The TCP/IP suite is the global standard for Internet communications. TCP/IP isn’t a single protocol, but a suite containing dozens of protocols. The name refers to two of the most important protocols in the suite, the Transmission Control Protocol (TCP) and the Internet Protocol (IP). IP provides addresses that make TCP/IP communications routable. This means that all messages transmitted over a TCP/IP network are marked with the IP address of the destination network and station.
TCP is one of the main transport protocols in the suite (the other being UDP). TCP ensures that data arrives at its destination without errors or missing packets.
The TCP/IP suite contains dozens of protocols. Because network services and devices use some of them more than others, you are more likely to encounter them whenever you read about networking. Table 2-1 lists some of the more important protocols in the TCP/IP suite, but it’s by no means complete.
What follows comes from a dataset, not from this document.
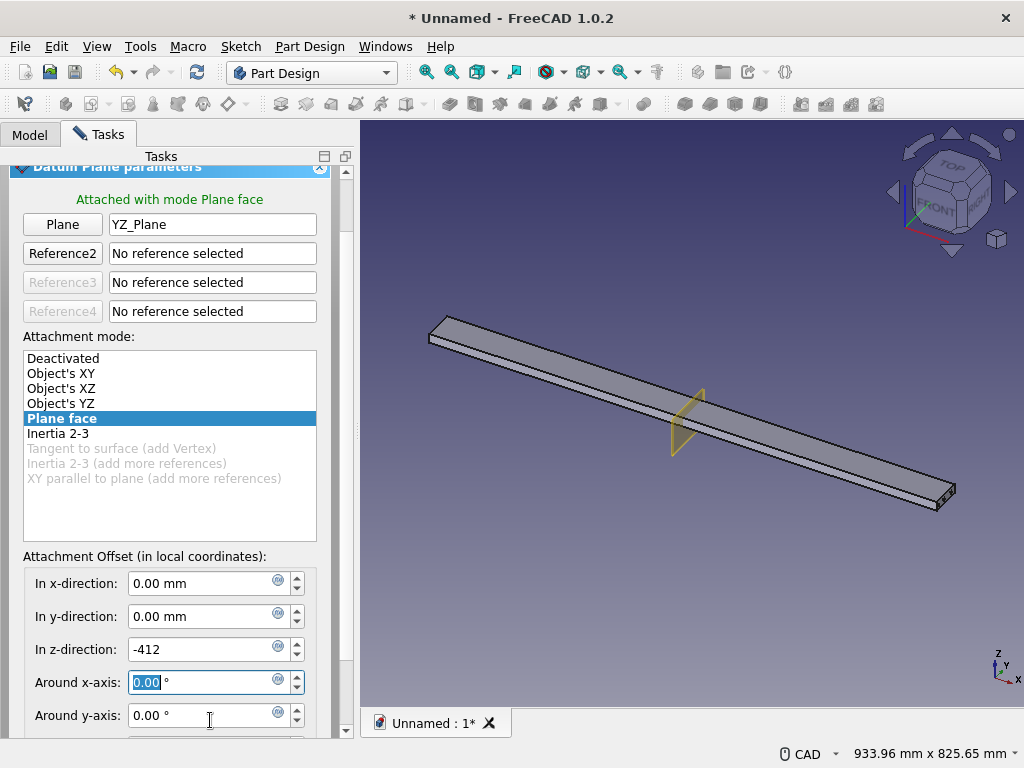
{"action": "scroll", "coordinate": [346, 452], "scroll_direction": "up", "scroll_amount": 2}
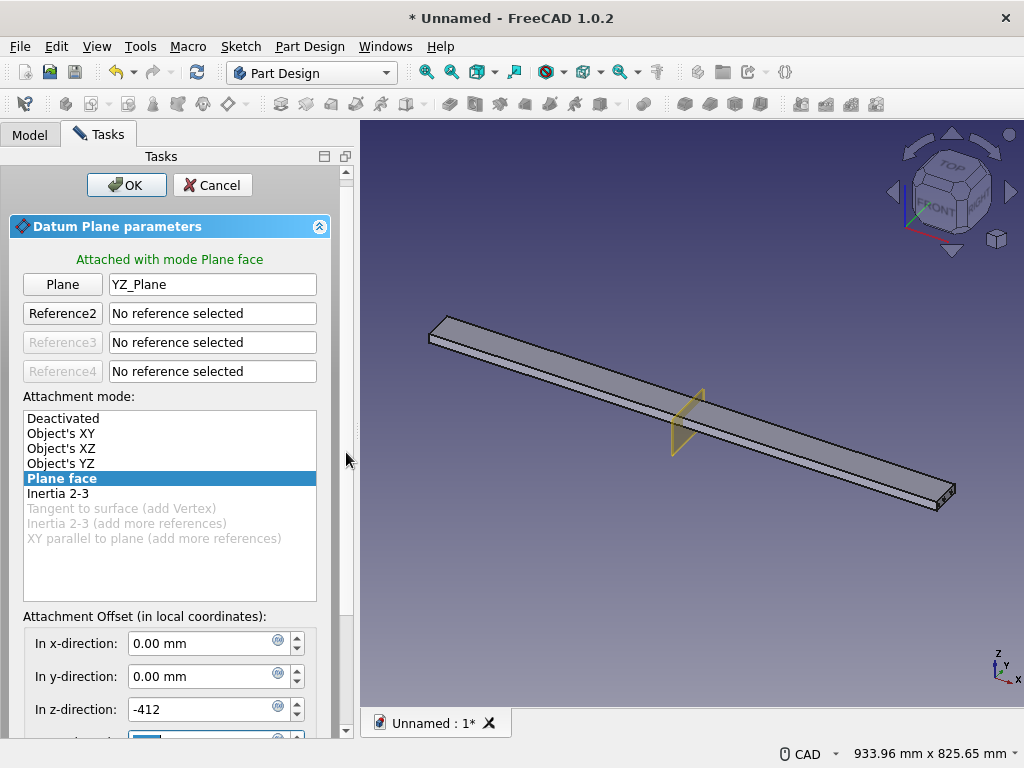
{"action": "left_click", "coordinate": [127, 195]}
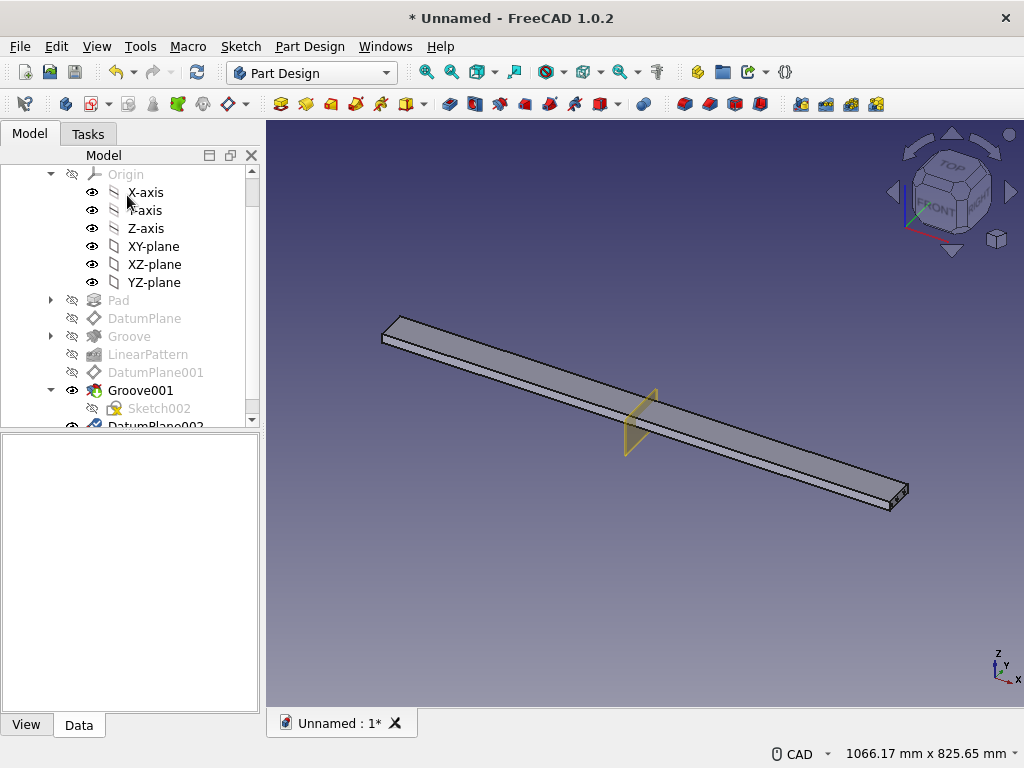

Protocol Name | Function |
---|---|
ARP | Address Resolution Protocol. This protocol matches hardware (MAC) addresses to IP addresses. This protocol is targeted in some of the more technical attacks on Wi-Fi. |
DHCP | Dynamic Host Configuration Protocol. Remote configuration of network addresses on client machines (more detailed description later in this chapter). |
DNS | Domain Name System. References host names to IP addresses. |
FTP | File Transfer Protocol. Describes transferring files between nodes. |
HTTP | Hypertext Transfer Protocol. Used to deliver and read Web pages. |
ICMP | Internet Control Message Protocol. Delivers routing control messages. |
UDP | User Datagram Protocol. Connects applications between network hosts. |
All TCP/IP networks, even wireless ones, use a routing technology called packet switching. On a packet-switched network, computers divide data into smaller, individually addressed packets. Because each of these data packets contains a destination address, they can each follow different paths to reach their destination. Contrast this with a circuit-switched network, such as the traditional telephone system, where communications require a dedicated point-to-point connection (see Figure 2-5).
Figure 2-5: Packet switching versus circuit switching
Because users can share bandwidth, rather than each user requiring its own dedicated circuit, a packet-switched network uses network bandwidth more efficiently. IP packets don’t have to arrive at their destination in the correct order. Packets contain sequencing information in their address headers. When they arrive at their destination, the receiving host reassembles the packets into the original message.
As packets move through the network, each successive layer of the TCP/IP model adds its own header information. The network layers encapsulate the data within these successive headers (see Figure 2-6). The headers contain networking instructions and information, including from and to addresses. Encapsulation is analogous to placing the data in an envelope and sending it to its destination. Depending on the destination address and intended program, your computer may encapsulate data within multiple envelopes.
Figure 2-6: Encapsulation within headers
As the encapsulated packet travels to its destination, network layers and services only read the specific header information that instructs them what to do with the packet. As a packet arrives at its destination, each of the headers is stripped away until the data arrives at the destination program. Demultiplexing is the process of encapsulation in reverse.